When Tammy knew about this, she was devastated. Tammy was angry. She had so much anger towards that person who hit her daughter’s car, but she couldn’t make a picture in her mind of that person; so her anger went towards God, towards life and towards every hit and run driver who was caught.
Psychologists could describe Tammy’s experience as being “normal,” under the circumstances. As a matter of fact; there is a “5 stage mourning process” which is usually described as: 1. Denial and isolation, 2. Anger, 2. Bargaining, 4. Depression and 5. Acceptance.

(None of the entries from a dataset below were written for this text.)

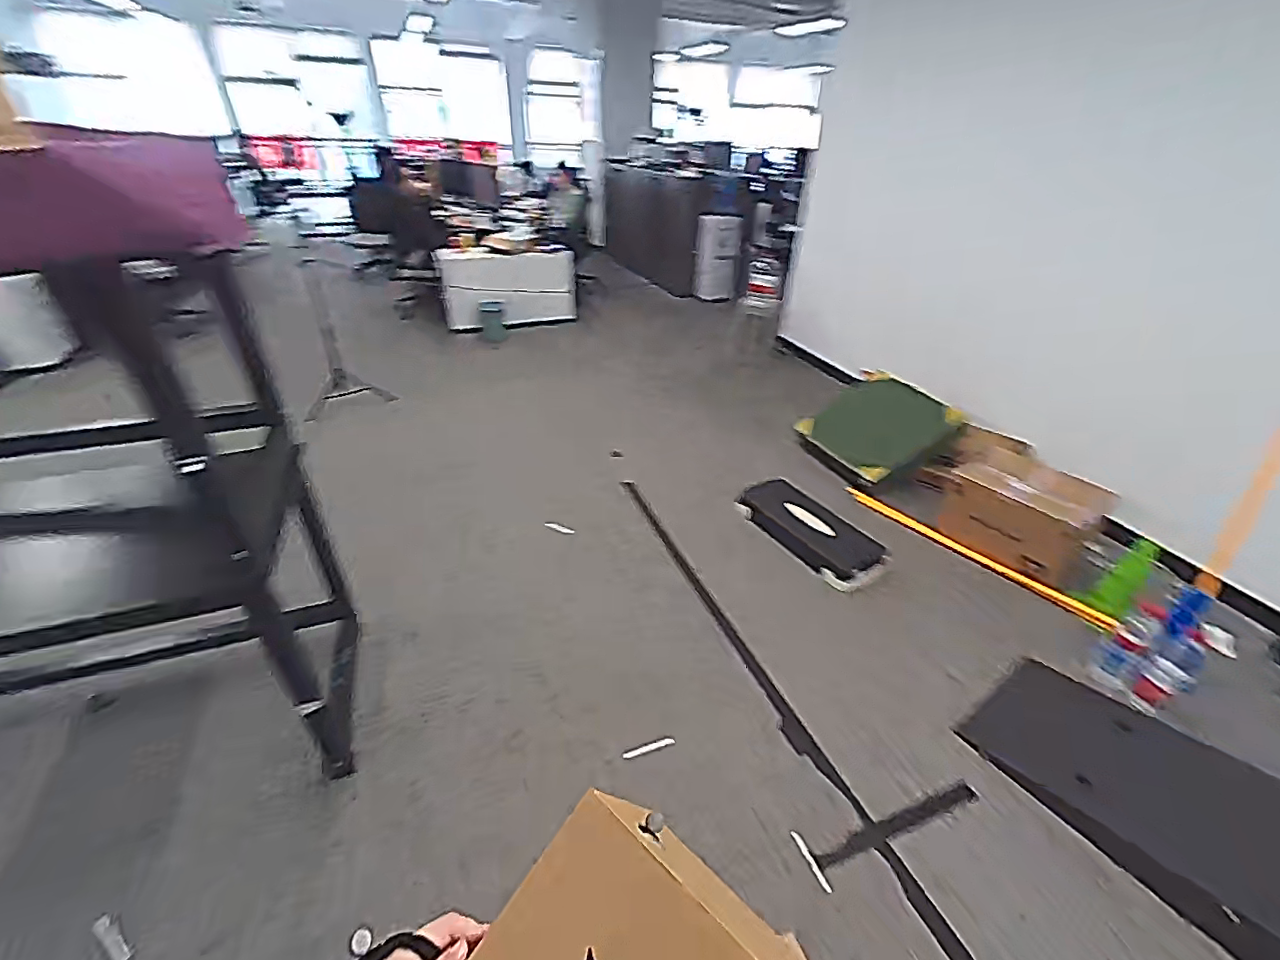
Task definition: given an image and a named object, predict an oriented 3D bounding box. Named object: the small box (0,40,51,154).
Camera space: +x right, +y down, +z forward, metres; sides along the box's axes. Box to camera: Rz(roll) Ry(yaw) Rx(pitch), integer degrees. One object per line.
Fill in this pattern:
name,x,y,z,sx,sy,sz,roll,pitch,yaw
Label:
small box,-0.922,-0.506,0.676,0.179,0.176,0.168,-8,33,-13
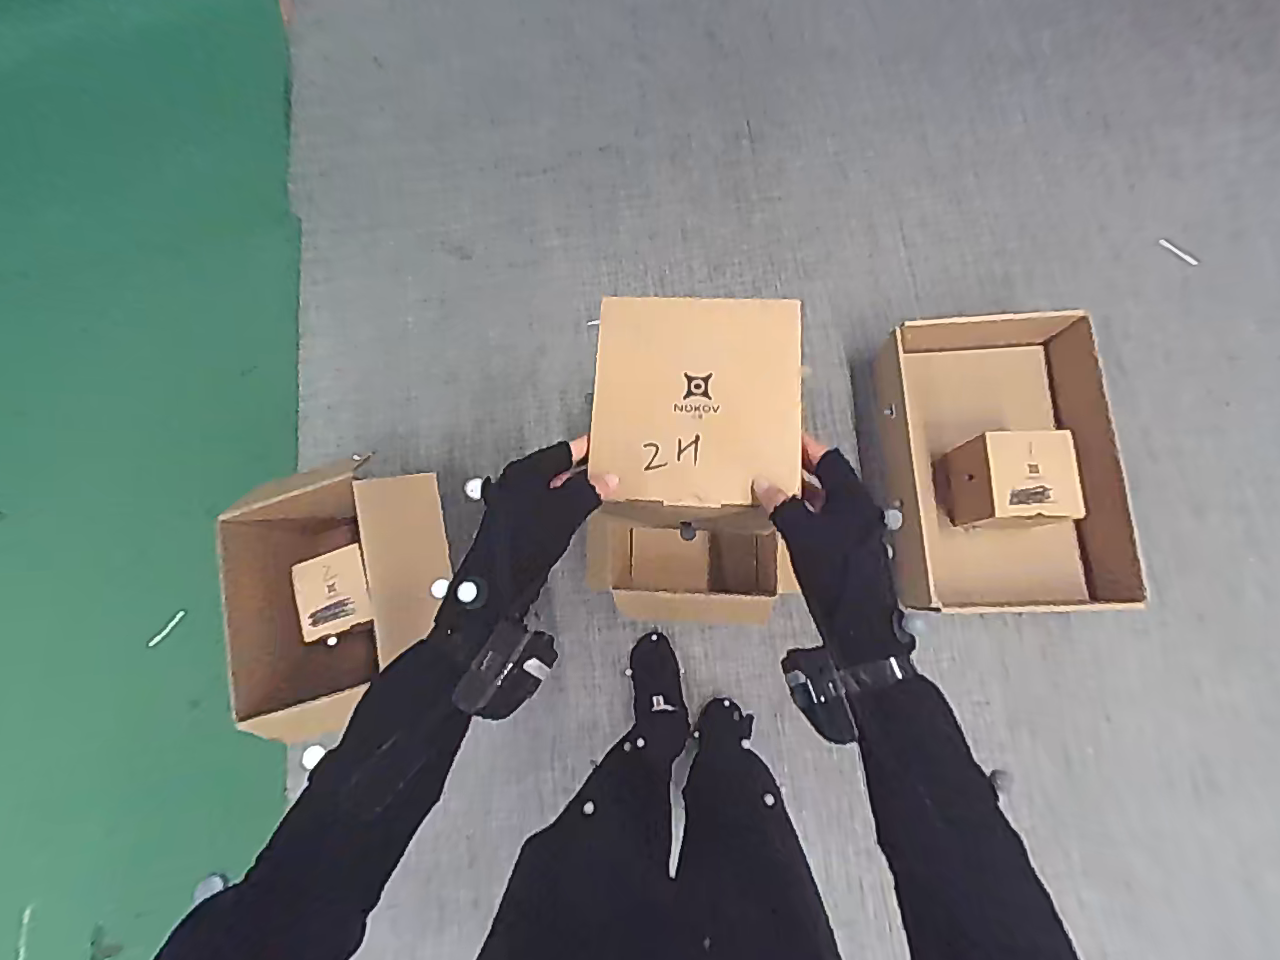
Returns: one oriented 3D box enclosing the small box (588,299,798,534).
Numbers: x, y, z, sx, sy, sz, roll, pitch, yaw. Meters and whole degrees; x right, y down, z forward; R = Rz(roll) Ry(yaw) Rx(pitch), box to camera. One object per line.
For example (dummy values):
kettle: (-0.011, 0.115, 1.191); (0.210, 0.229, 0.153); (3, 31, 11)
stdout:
small box: (0.050, -0.050, 0.518); (0.168, 0.176, 0.179); (3, 78, 5)

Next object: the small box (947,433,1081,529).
small box: (0.771, 0.008, 1.134); (0.168, 0.176, 0.179); (0, 77, 5)
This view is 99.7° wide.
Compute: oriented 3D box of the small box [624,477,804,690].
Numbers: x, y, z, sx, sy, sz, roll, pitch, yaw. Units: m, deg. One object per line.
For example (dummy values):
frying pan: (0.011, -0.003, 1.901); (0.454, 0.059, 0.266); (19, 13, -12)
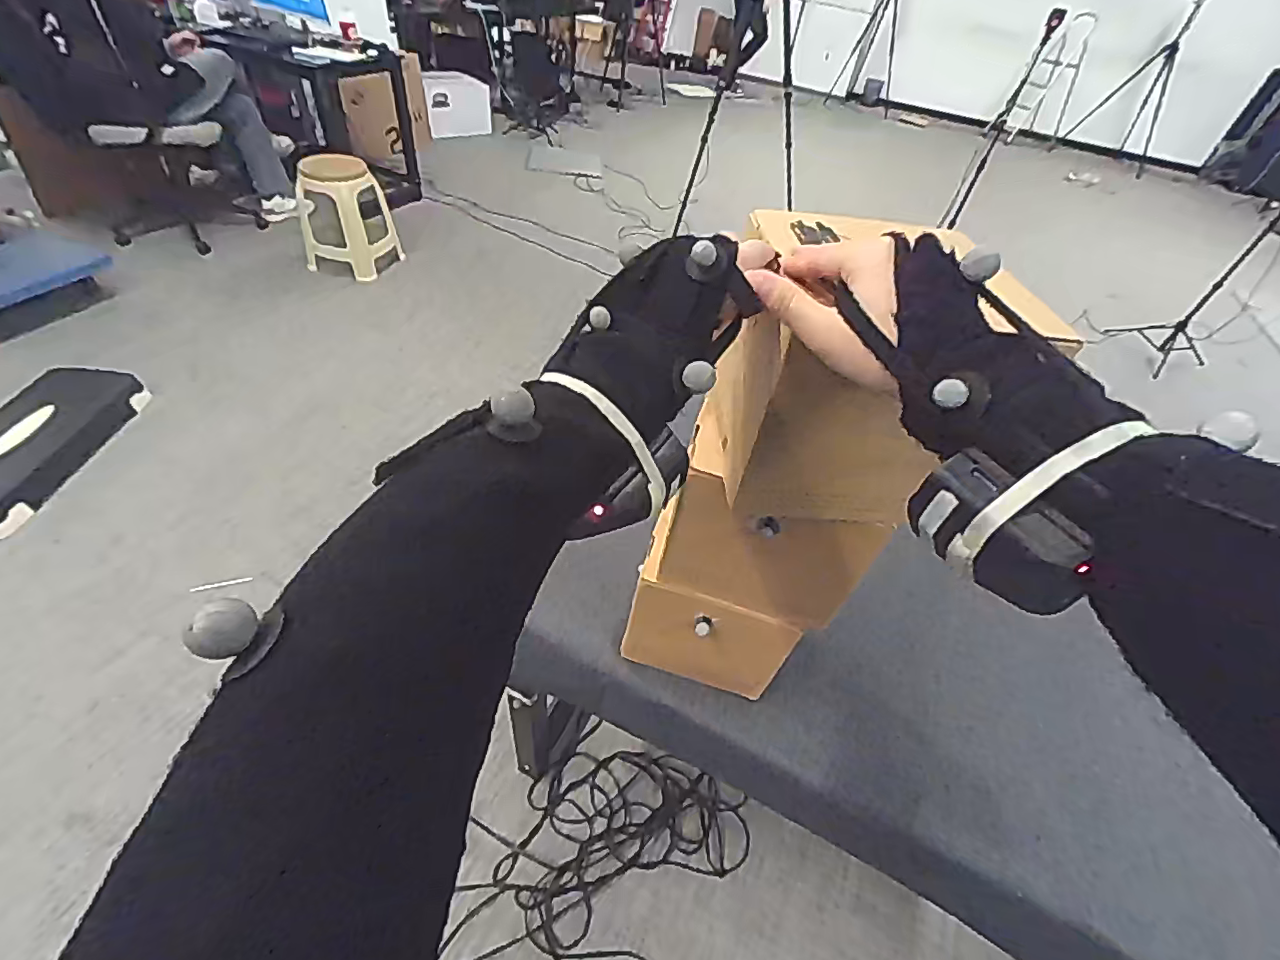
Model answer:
small box: (0.091, 0.129, 0.654); (0.179, 0.176, 0.168); (16, 44, 7)

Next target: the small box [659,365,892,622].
small box: (0.128, 0.016, 0.543); (0.179, 0.176, 0.168); (17, 46, 7)
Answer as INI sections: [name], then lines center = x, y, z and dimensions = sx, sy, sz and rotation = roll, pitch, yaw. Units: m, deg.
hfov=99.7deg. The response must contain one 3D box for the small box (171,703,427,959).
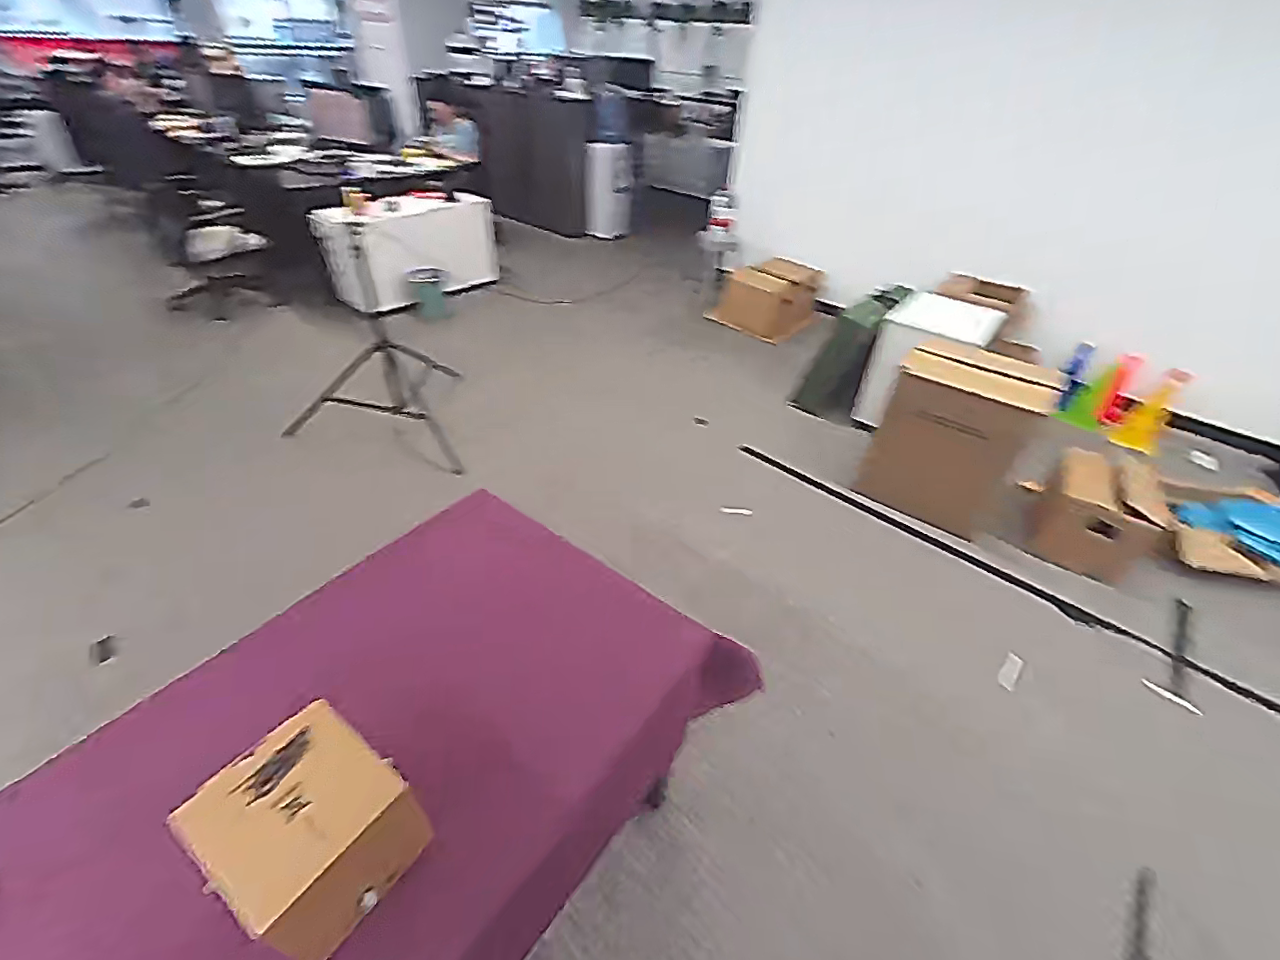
[small box]
center = -0.381, 0.409, 0.632
dimensions = 0.179, 0.176, 0.168
rotation = 25, 44, 24
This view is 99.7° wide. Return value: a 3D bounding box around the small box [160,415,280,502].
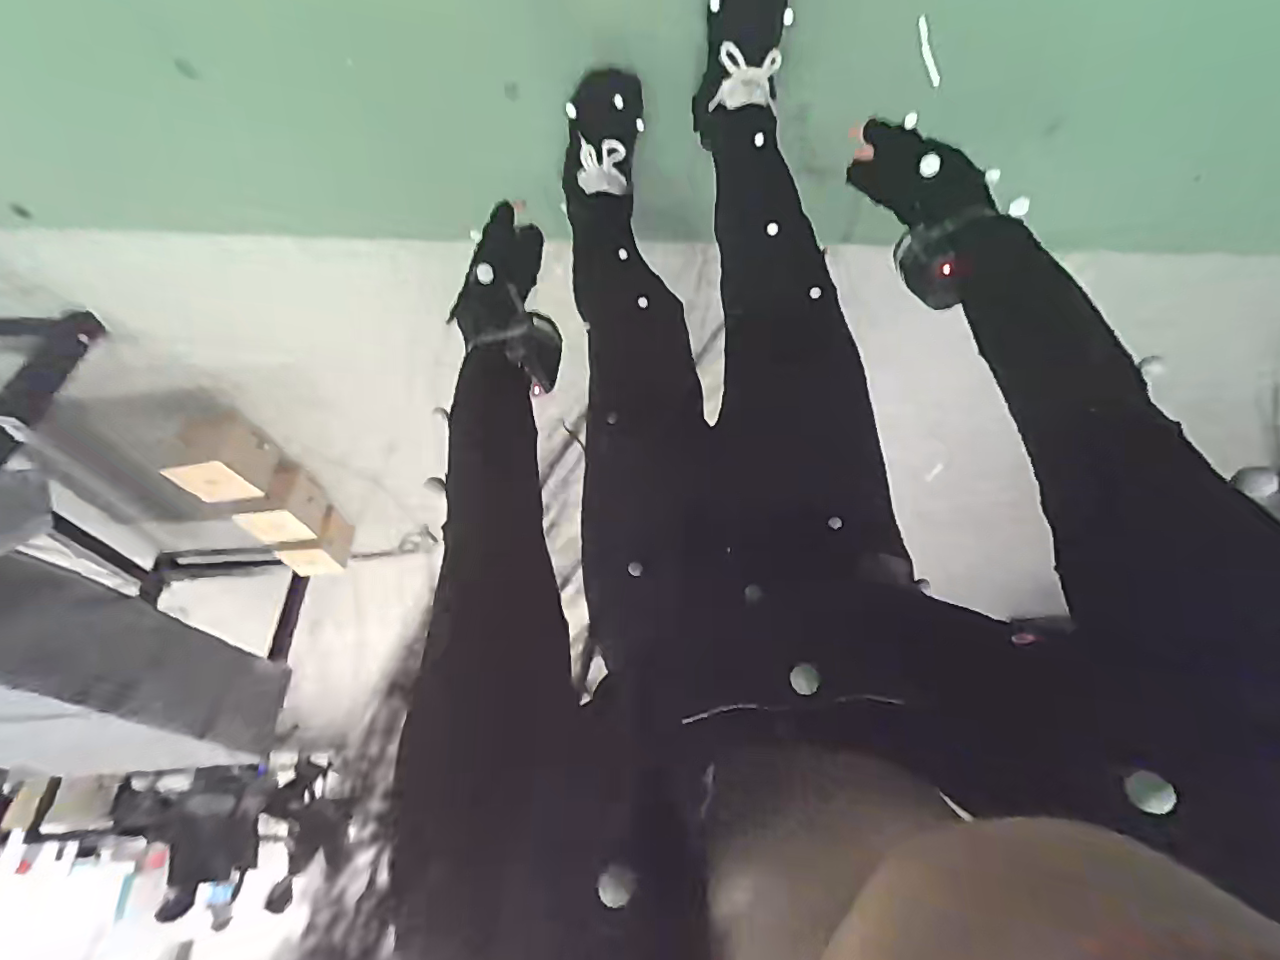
[{"bbox_3d":[-1.141,-0.059,1.486,0.179,0.176,0.168,-7,146,5],"label":"small box"}]
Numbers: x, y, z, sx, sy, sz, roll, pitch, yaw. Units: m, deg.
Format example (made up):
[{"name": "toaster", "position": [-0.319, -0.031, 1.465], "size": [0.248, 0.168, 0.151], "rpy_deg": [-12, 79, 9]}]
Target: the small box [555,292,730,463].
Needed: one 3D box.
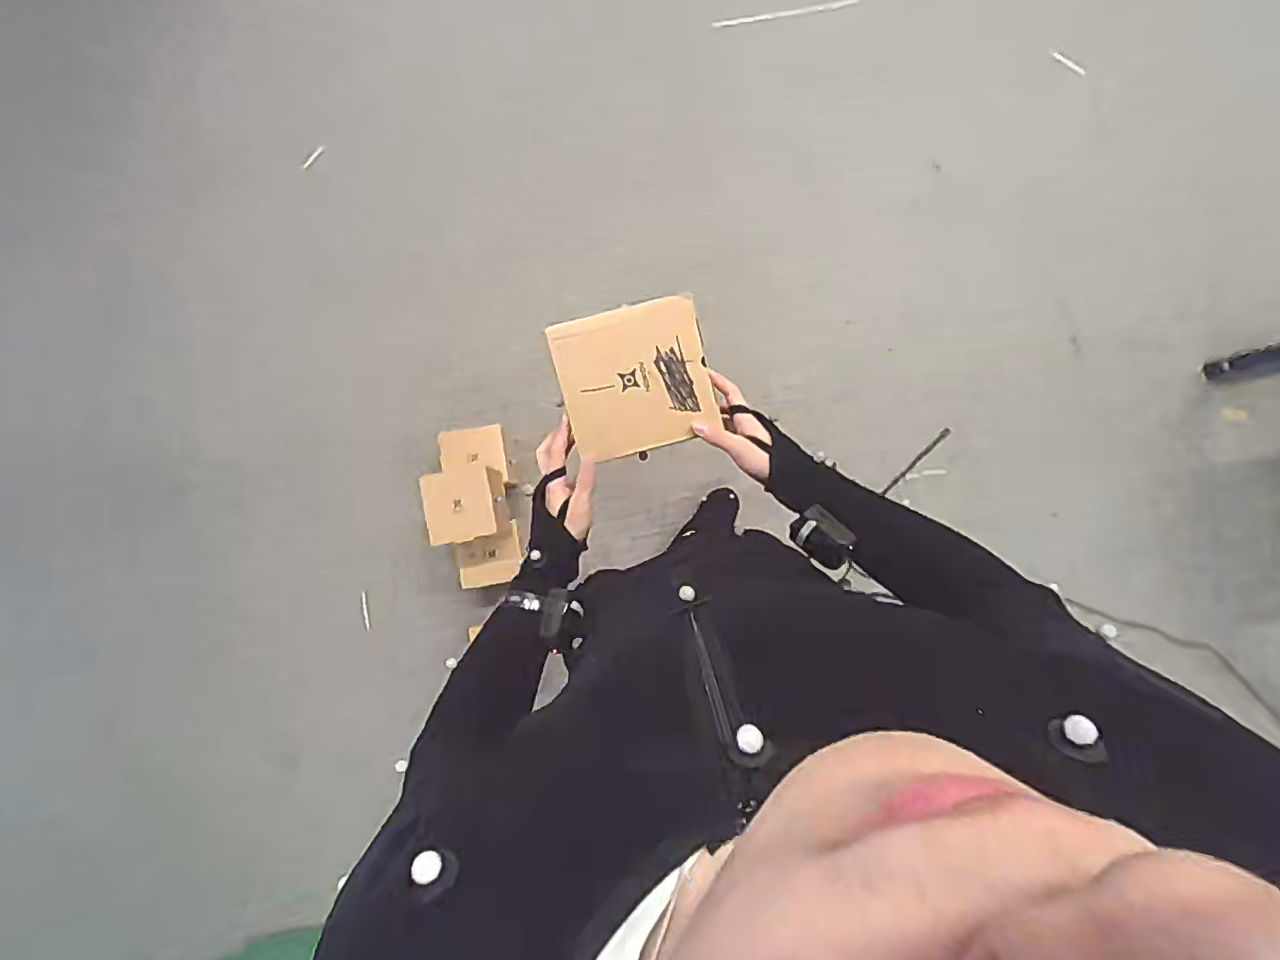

Tammy started the process in anger and hopefully, she will be able to reach acceptance at one point in her life.
In spirituality, acceptance is the first and only step. Acceptance is something to be aware of and thus, practice every day at every moment.
I could share many beliefs as to why we need to accept things as they are; but a belief will not help if we face a life experience similar to Tammy’s.
Whether we believe in predestination or in bad luck or karma or in the “will of God,” all of those things will not change the most important item in this experience; that is how much this is affecting me.
Life is a gift. Acceptance of situations means to accept the gift. Any rejection means to reject life and thus, to slowly die.
The strength to accept a moment of grief is not gained after living a “normal” life of wanting and getting things “my way.” A life of “fight” to get things done. It is a slow process of acceptance, to let things be, to allow things to happen and to continue smiling for the gift of life is not something to possess, but something to enjoy and share.
The flower blossoms and then dies. Timing among flowers will be different. That is life. If I am appreciating that gift of life, there is no space for attachment to a particular flower. If I am attached, then there cannot be appreciation.
The butterfly is meant to fly. It comes and it goes. It has the freedom of life. If I close my hand to keep that butterfly with me; its freedom will not be acknowledged.
The 5 stages of loss and grief are nothing else but to learn to open that silly grip towards life, to learn to open our clenched fingers little by little: first is denial then anger, then depression, etc. until the open hand is seen and truly enjoyed. That is acceptance. The hand is now ready to feel and to let go. Ready to appreciate the gift of life.